When such laws and processes are imposed from outside, it is natural that they may not lead to well thought-out and comprehensive measures, but rather to ad hoc patch-work of instruments, provisions and institutions that could even contradict each other.
The order also brings out the problems inherent to privatisation in the water sector. For one, the private developer will want to recover his costs and make profits; this means that tariffs for water could rise sharply. With farming already in the doldrums, this could make it economically unviable. To take off some pressure from the water tariffs, other ways of recovery are also suggested, such as levy of water charges for irrigation and domestic uses, fisheries development, tourism activities, etc. associated with projects, and through contract farming in the command area.
This in turn means that many public goods will be handed over to private corporations for their profits in addition to loss of sustenance livelihoods for fisher people and others.
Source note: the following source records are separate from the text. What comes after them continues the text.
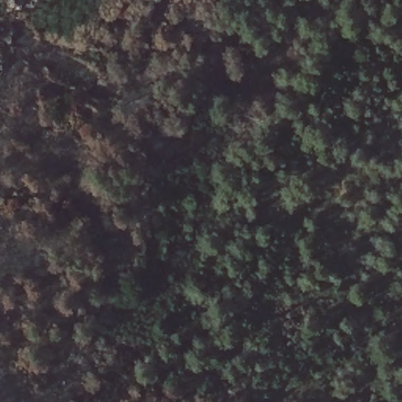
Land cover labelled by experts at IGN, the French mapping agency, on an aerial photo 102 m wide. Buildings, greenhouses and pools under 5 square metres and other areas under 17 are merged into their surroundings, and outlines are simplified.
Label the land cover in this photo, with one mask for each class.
<instances>
[{"label":"coniferous trees","instance_id":"1","mask_svg":"<svg viewBox=\"0 0 402 402\"><path fill-rule=\"evenodd\" d=\"M5 0H0V374L14 372L24 383L27 393L41 394L53 374L49 361L55 356V350L60 345H69L74 341L86 345L90 339L96 344L99 339H104L105 345L115 350L122 344L130 347L148 345V356L135 363V377L129 382V394L121 402H402V0H38L30 22L35 25L39 22L47 33L44 41H35L31 31L22 24V20L9 19Z\"/></svg>","mask_w":402,"mask_h":402},{"label":"bare soil","instance_id":"2","mask_svg":"<svg viewBox=\"0 0 402 402\"><path fill-rule=\"evenodd\" d=\"M9 19L22 20V24L31 31L35 41H44L47 33L39 22L35 25L30 22L38 0H5ZM148 345L130 347L122 344L115 350L105 345L104 339H99L96 344L90 339L86 345L74 341L69 345H60L55 350V356L49 361L53 374L41 394L27 393L24 383L14 372L0 374V402H121L129 394V382L135 377V363L148 356Z\"/></svg>","mask_w":402,"mask_h":402}]
</instances>
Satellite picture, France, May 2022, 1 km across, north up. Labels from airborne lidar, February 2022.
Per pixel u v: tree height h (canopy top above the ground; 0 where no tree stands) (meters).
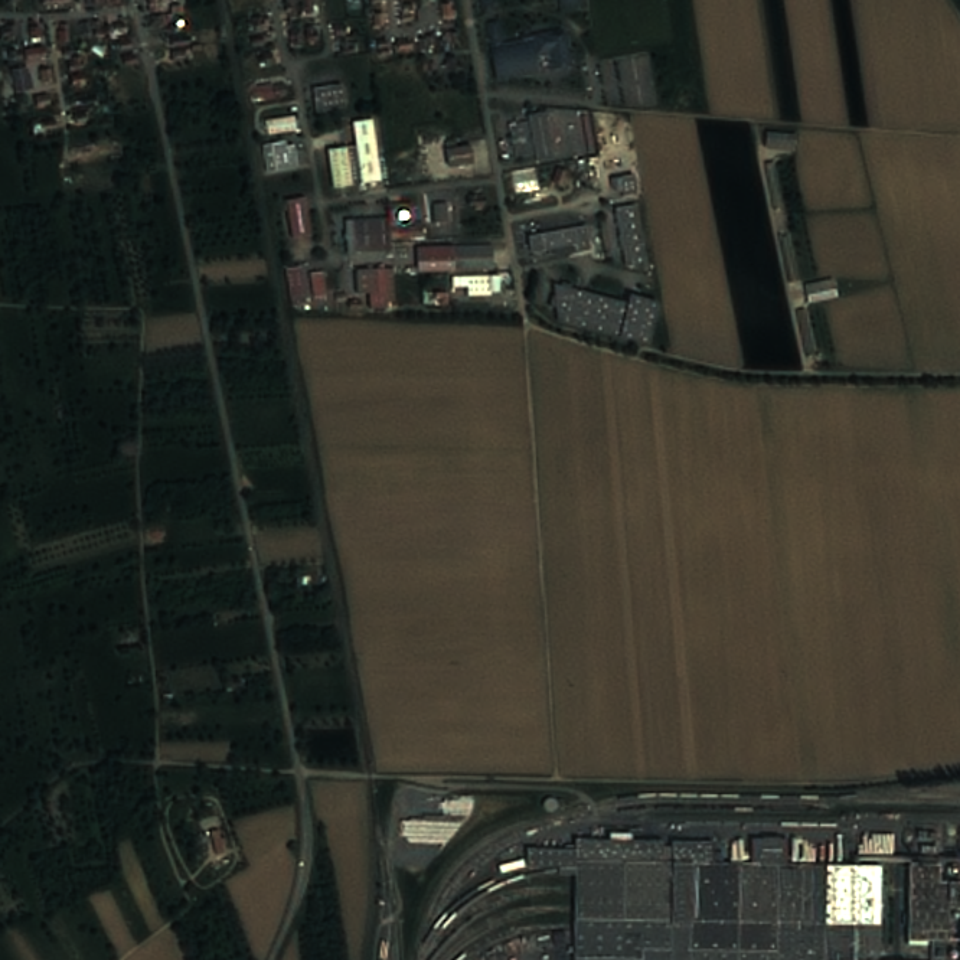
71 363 0
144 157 8
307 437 0
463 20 0
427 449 0
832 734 0
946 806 0
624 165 0
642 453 0
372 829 0
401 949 0
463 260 0
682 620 0
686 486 0
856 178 0
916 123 0
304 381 0
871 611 0
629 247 0
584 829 0
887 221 0
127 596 0
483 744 0
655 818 0
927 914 0
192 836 8
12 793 0
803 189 0
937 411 0
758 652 0
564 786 0
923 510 0
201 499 6
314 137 0
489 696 0
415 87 0
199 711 0
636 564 0
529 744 0
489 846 0
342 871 0
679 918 0
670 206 0
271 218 0
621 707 0
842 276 0
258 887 0
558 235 0
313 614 0
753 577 0
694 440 0
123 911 0
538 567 0
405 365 0
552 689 0
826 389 0
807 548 0
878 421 0
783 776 0
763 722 0
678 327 0
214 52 0
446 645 0
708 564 0
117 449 6
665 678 0
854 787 9
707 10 0
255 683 7
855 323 0
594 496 0
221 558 0
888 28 0
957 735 0
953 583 0
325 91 0
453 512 0
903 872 0
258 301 0
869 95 0
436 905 0
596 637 0
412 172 0
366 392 0
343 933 9
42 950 0
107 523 0
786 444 0
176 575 0
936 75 0
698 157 0
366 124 0
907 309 0
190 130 0
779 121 0
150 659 0
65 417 7
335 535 0
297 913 0
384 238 0
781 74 0
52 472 0
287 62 0
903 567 0
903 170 0
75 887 6
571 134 0
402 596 0
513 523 0
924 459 0
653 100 0
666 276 0
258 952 0
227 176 0
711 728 0
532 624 0
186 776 0
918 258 0
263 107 0
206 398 12
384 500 0
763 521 0
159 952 0
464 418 0
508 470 0
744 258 0
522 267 0
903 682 0
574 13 0
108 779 9
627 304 0
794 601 0
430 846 0
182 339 0
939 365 0
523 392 0
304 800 0
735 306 0
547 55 0
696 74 0
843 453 0
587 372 0
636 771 0
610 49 0
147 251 9
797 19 0
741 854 0
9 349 0
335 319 0
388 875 0
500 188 0
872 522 0
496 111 0
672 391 0
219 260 0
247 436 0
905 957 0
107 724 0
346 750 0
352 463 0
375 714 0
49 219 10
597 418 0
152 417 11
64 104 0
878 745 0
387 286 0
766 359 0
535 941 0
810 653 0
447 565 0
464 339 0
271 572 6

The MWRRA Order states that "Certain benefits were contemplated by the Government to the farmer when the project was cleared as a budget financed project ... The BOT process had to therefore ensure that the newly envisaged revenue streams do not lead to reduction of these in any way." What the MWRRA has not mentioned, but is equally important is that the BOT process should not divert other public goods and sources of livelihoods to support the BOT.
Partially built canals of Nira Deoghar.
An opportunity
The most important implication of the order, however, is that it has created an opportunity to review and rethink the process of privatisation of water resources in the state. The MWRRA specifically directs the MKVDC to seek a review of the 2003 GR which lays down the policy and terms of privatisation, to remove the contradictions between it and the subsequent Acts. However, it would be wise for the government not to limit this to only removing contradictions, but rather reviewing the fundamentals themselves.
After all, if not a single irrigation project has yet been successfully privatised with the GR now being in place for 5 years, it has clearly failed to deliver and needs a rethink. As Sachin Warghade of Prayas points out, "This can be an opportunity in case of current order, because the issue has been pushed back to the level of policy formulation ... demanding for public process on policy in the current situation."
Indeed, the MWRRA also writes in the Order that "... in the process of revision of the GR it would be in the interest of the Government to invite constructive participation from stakeholders while designing a more updated PPP [Public Private Partnership] policy", a somewhat ironic statement considering that neither the MKVDC in its process of inviting and processing the EOI, nor the MWRRA in its entire hearings on the matter have involved the people likely to be affected / benefited by the Nira project and its privatisation.
However, this can be corrected even now. With the process of privatisation of the Nira project itself being stalled, it is important to review the approach to privatisation of water resources in the state with public debates and discussions involving the people of the state extensively.